Tuesday, November 29, 2022

Overcoming Trauma With EMDR Therapy

In my prior article, How EMDR Works: EMDR and the Brain, I gave an overview of the basics of EMDR, including how emotional trauma affects the brain and how EMDR therapy helps to process trauma.

Overcoming Trauma With EMDR Therapy


In this article, which is a continuation of this topic, I'll give a composite scenario to demonstrate how EMDR therapy works.

I'll delve into some of the aspects of EMDR that are uniquely helpful to healing emotional trauma (for an overview of EMDR, see my article:  What is EMDR?)

As always, this composite is a combination of many different cases to protect confidentiality.

Alice
Alice came to therapy because she knew she was overreacting in her relationship with her boyfriend, Ed.

A day or so after she got angry with him, in hindsight, Alice could see that she had overacted, and she felt ashamed and guilty about it.  She would apologize and tell Ed that she would try not to be so reactive, but then a week or so later, she would find herself overreacting again, and this became an ongoing pattern in their relationship.

Alice loved Ed very much and she knew that Ed loved her.  When she was calm, she knew she could trust him, but when she was in the throes of an overreaction, she forgot all of this and she reacted as if he didn't love her and he wasn't trustworthy.

She would often feel rejected and abandoned by things that he said--only to realize afterwards that she overreacted once again.

This happened to Alice so frequently that she was beginning to feel like she was losing her mind.  After she calmed down, she couldn't understand how she could have felt so sure that he was rejecting and abandoning her when she was upset.

She asked herself:  Why couldn't she remember that he loved her?

Even though Ed was patient, Alice knew that her reactions would erode their relationship after a while. She knew she couldn't keep accusing him of being unloving and then apologize afterwards.  She knew she had to do something.

Having been in talk therapy in the past to deal with a traumatic childhood, Alice felt she needed to try a different type of psychotherapy, so when a friend told her how much EMDR helped her, Alice decided to give it a try.

Overcoming Trauma With EMDR Therapy

As we discussed Alice's family history, it became apparent that she was uprooted quite a bit from infancy to adolescence, due to her single mother's substance abuse problems.

During that time she was moved from her mother's home to her maternal grandmother's home and then to an aunt's house.

Finally, when she was a teenager, she moved back with her mother.  By then, her mother was sober, but her mother was still emotionally neglectful.

As an only child, Alice remembered feeling lonely and unloved.  Even though her grandmother and aunt took care of Alice's basic needs, they remained emotionally distant from her.  Alice would pray to have a loving adult come into her life, but she remained without emotional support.

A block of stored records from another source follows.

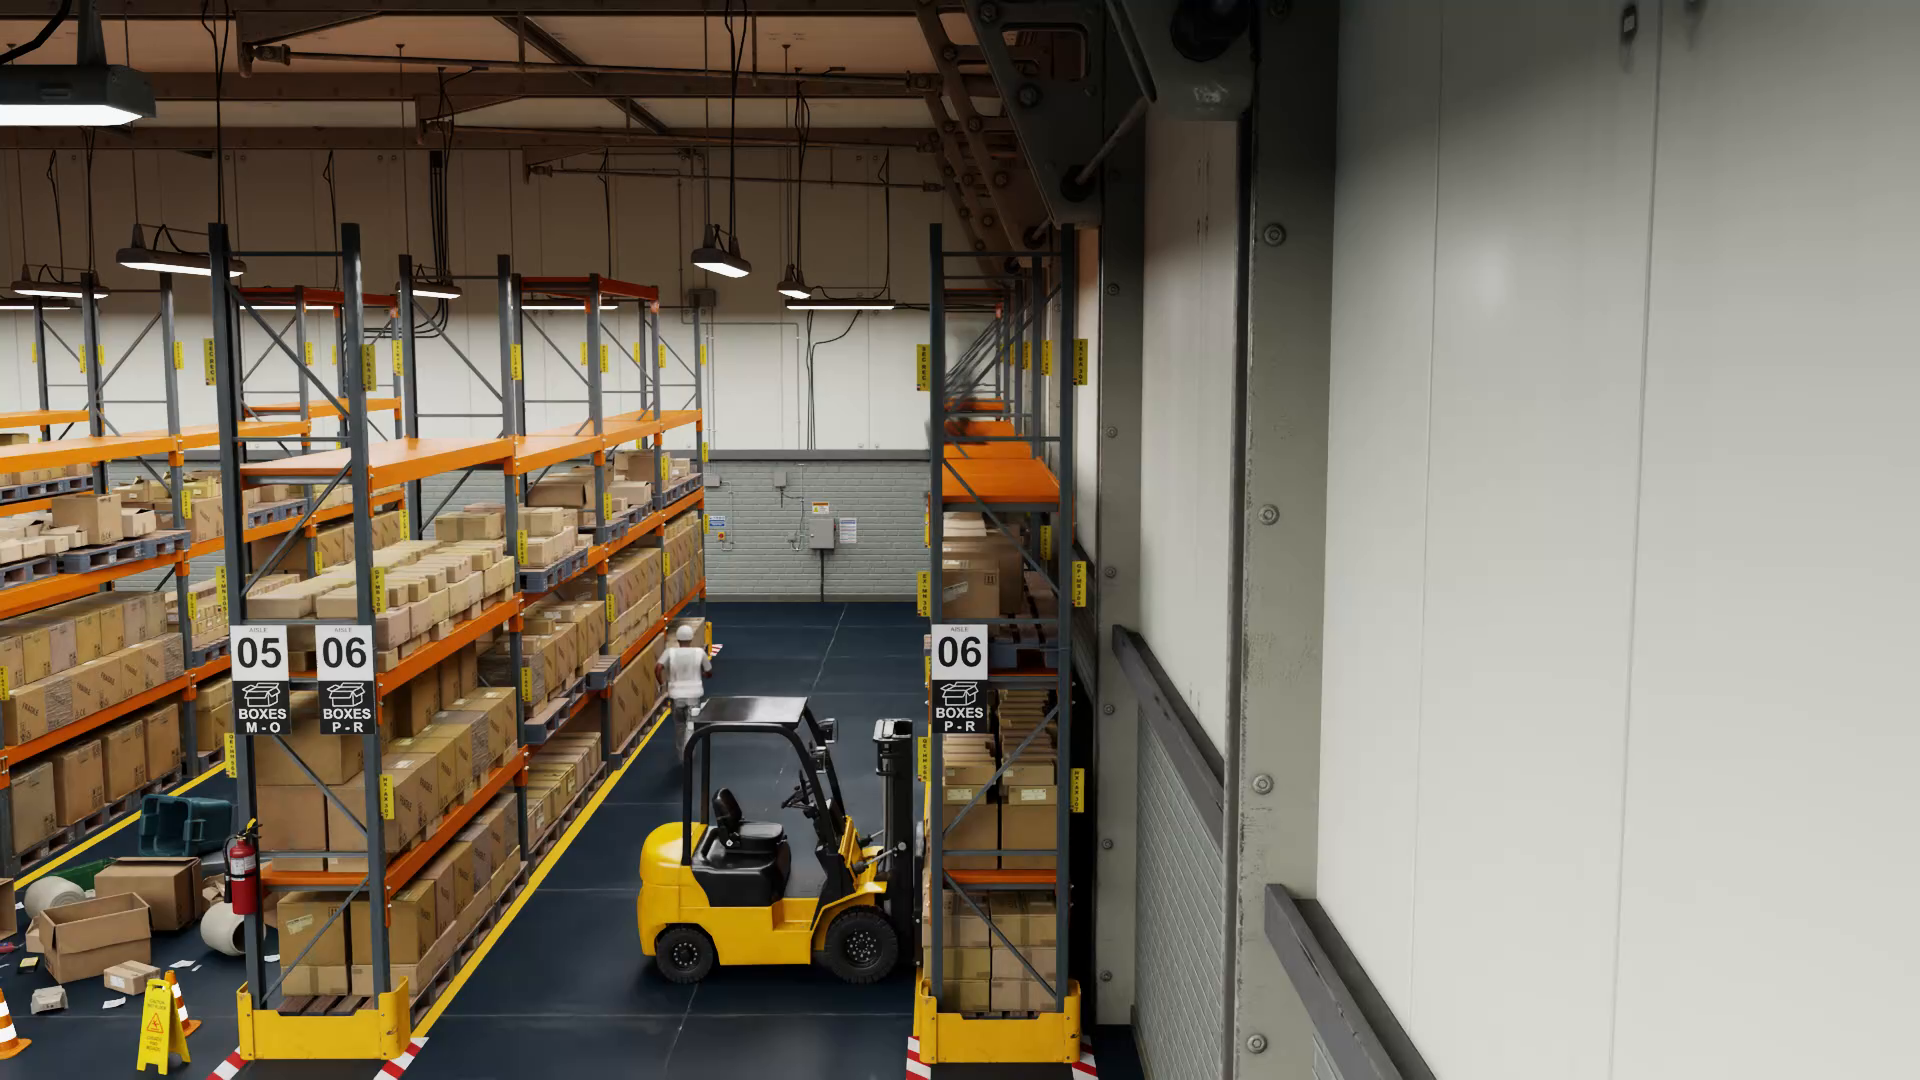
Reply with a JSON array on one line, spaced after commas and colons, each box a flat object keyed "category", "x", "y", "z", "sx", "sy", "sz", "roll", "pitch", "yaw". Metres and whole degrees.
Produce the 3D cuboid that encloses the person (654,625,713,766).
[{"category": "person", "x": -3.334, "y": 1.932, "z": 20.177, "sx": 0.683, "sy": 1.807, "sz": 0.985, "roll": -1, "pitch": 7, "yaw": -4}]
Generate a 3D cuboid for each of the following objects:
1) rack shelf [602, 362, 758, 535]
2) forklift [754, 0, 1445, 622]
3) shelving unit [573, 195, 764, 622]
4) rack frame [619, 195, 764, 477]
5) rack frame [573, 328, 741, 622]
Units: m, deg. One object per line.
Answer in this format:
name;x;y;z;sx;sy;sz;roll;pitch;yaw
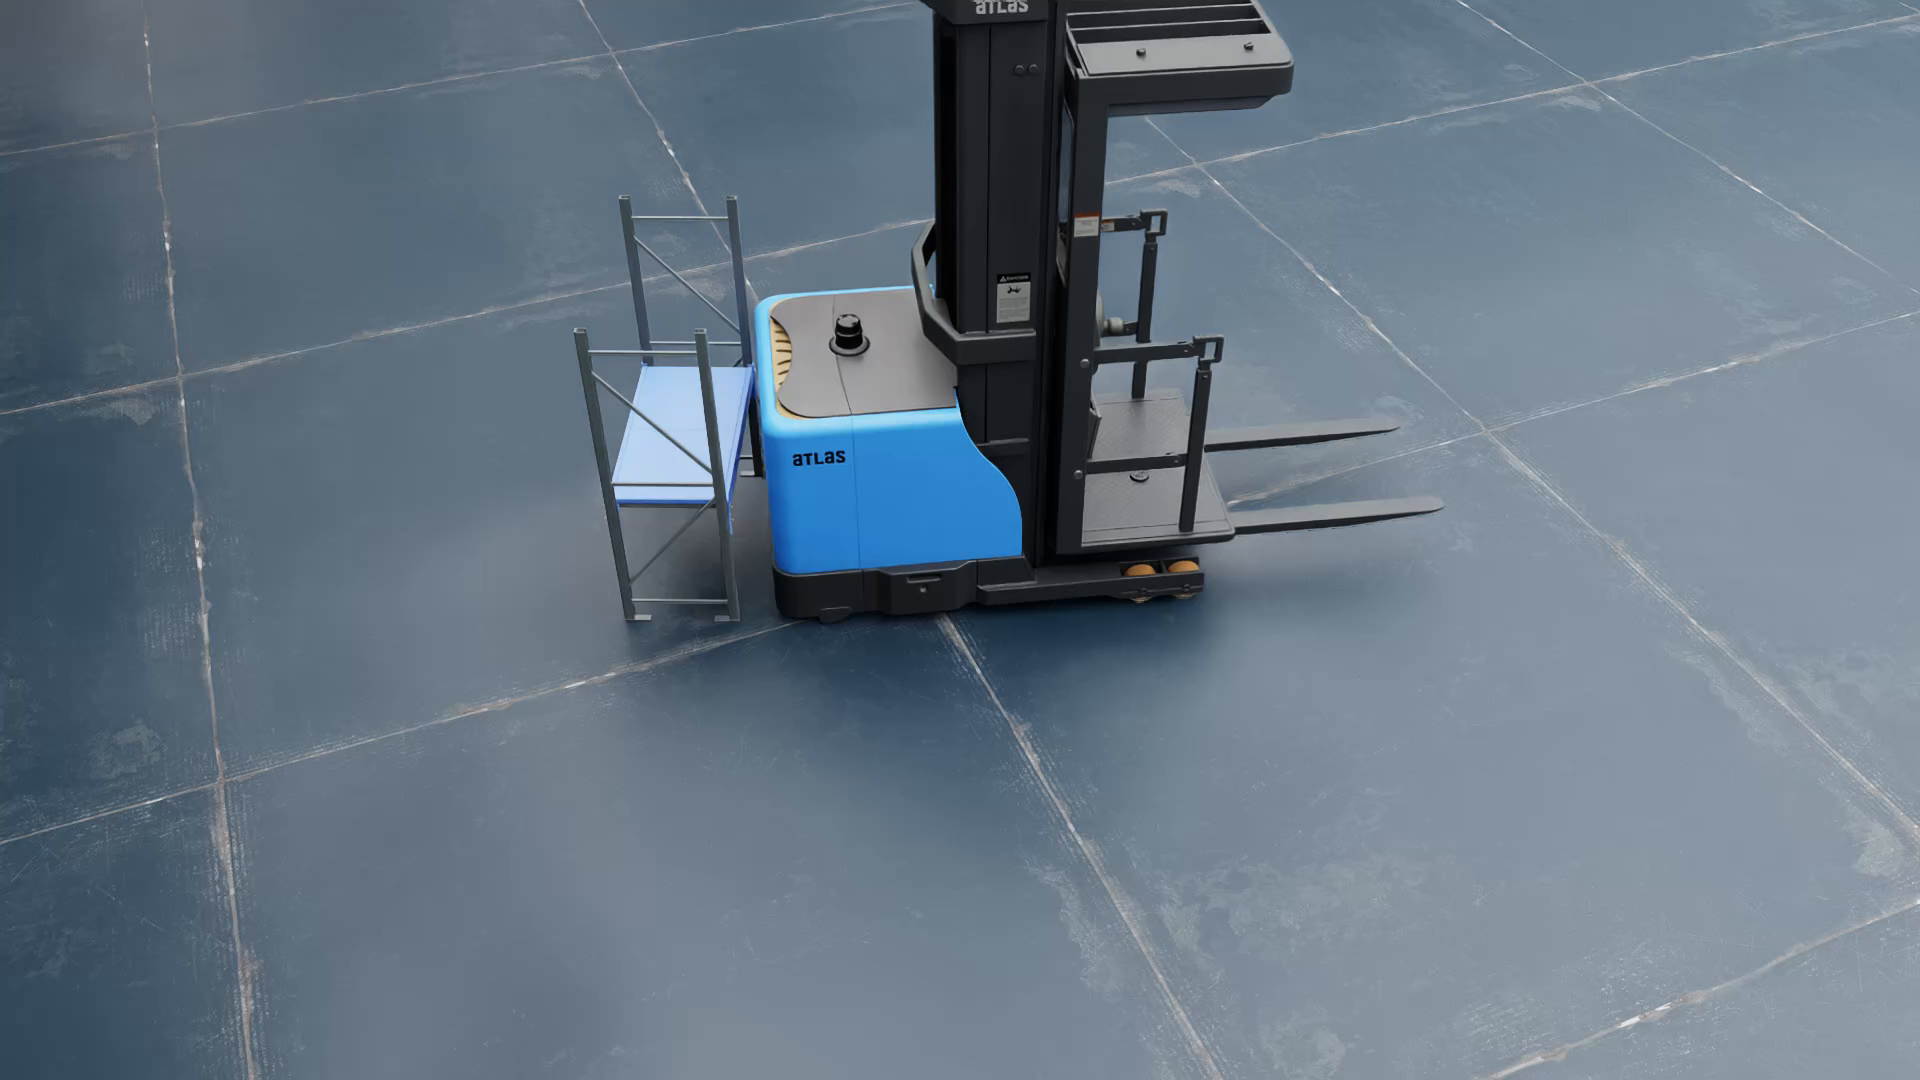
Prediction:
rack shelf;-1.204;-0.419;7.281;0.538;0.185;1.000;0;41;1
forklift;0.646;-1.179;6.792;3.031;2.935;1.130;-5;41;-6
shelving unit;-1.204;-0.555;7.164;0.538;1.500;1.048;0;41;1
rack frame;-1.198;-0.887;7.549;0.500;1.500;0.032;0;41;1
rack frame;-1.210;-0.224;6.779;0.500;1.500;0.032;0;41;1
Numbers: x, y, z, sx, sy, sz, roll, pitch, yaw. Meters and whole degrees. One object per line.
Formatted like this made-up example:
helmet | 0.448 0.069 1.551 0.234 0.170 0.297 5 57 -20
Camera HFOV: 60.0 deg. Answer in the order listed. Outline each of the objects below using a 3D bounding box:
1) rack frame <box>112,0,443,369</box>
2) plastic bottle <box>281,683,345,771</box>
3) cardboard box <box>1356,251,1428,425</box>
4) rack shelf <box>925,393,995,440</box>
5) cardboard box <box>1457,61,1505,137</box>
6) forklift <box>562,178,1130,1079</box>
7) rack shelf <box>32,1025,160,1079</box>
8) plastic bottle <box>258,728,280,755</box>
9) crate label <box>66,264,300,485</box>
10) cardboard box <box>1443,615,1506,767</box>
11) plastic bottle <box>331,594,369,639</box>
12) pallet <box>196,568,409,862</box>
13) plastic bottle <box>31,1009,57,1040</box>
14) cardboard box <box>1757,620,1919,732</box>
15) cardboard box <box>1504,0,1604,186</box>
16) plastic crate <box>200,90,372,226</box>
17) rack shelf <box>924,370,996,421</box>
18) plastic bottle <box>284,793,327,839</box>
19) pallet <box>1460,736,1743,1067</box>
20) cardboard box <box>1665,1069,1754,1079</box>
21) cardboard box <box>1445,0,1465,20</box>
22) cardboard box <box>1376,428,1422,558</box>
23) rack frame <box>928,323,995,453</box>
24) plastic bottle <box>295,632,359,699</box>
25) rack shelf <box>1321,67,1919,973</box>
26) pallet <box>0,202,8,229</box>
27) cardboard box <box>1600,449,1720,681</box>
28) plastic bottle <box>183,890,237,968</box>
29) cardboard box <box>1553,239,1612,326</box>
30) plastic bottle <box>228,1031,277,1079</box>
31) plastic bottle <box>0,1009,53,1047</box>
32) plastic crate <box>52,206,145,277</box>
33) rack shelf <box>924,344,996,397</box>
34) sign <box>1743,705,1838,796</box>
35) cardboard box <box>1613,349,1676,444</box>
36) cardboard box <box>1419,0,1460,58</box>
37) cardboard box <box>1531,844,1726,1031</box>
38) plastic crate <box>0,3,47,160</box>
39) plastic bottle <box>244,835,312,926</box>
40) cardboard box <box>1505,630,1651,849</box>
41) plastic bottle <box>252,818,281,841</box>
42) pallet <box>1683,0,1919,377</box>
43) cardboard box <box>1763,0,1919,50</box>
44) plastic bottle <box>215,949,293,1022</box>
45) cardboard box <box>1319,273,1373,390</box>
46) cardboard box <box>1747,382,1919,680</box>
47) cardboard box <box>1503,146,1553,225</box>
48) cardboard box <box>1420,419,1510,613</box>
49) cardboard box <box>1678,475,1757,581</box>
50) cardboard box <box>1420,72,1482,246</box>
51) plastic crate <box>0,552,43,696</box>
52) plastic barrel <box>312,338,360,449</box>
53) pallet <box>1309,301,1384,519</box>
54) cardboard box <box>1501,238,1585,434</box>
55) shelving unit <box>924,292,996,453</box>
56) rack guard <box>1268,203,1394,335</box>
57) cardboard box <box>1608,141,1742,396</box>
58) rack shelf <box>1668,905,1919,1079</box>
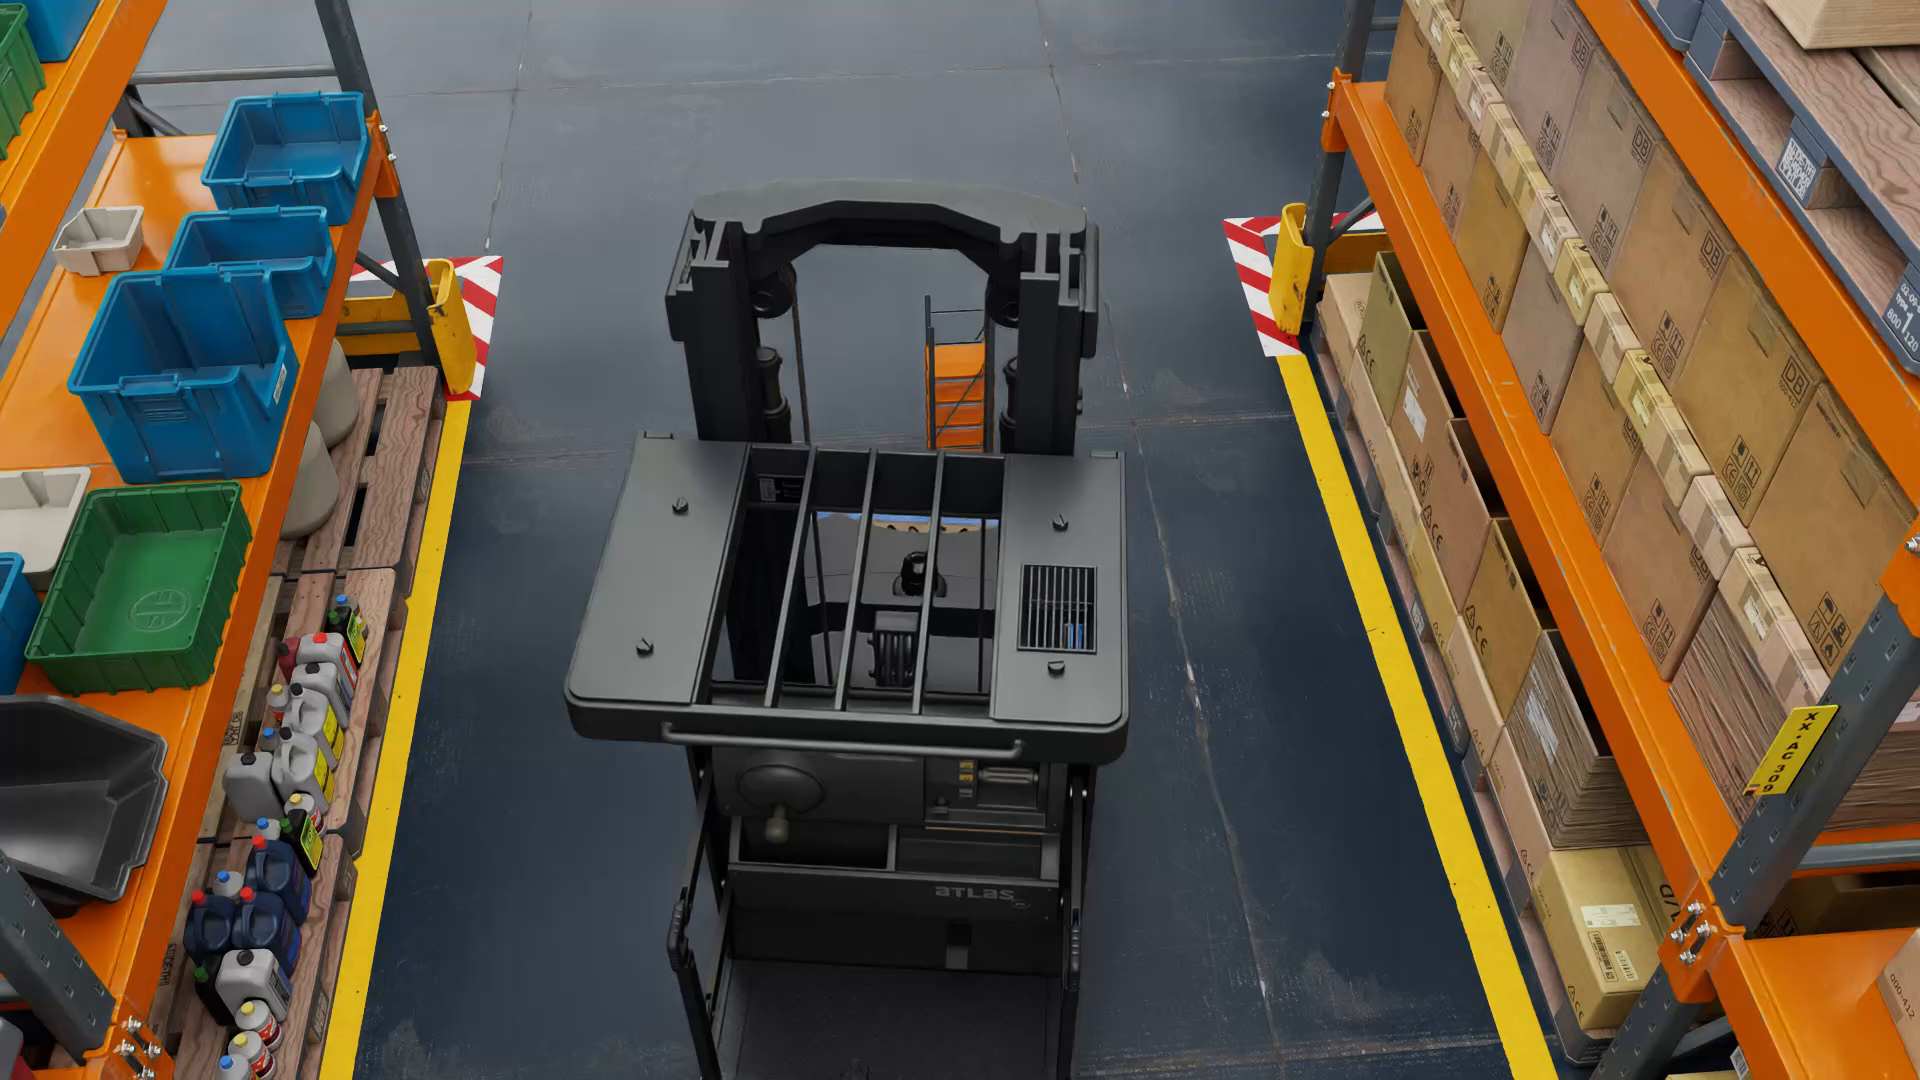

Emotional Neglect:  The Past Affects the Present

As an adult, during her first therapy, which was talk therapy, Alice learned to make intellectual connections between the childhood emotional neglect and her feelings of being unlovable but, even though she had an intellectual understanding, talk therapy didn't help her to actually overcome these feelings.  So, she experienced herself as carrying around this heavy emotional burden throughout her life.

She usually managed to make only one or two close friends because she had a hard time trusting people.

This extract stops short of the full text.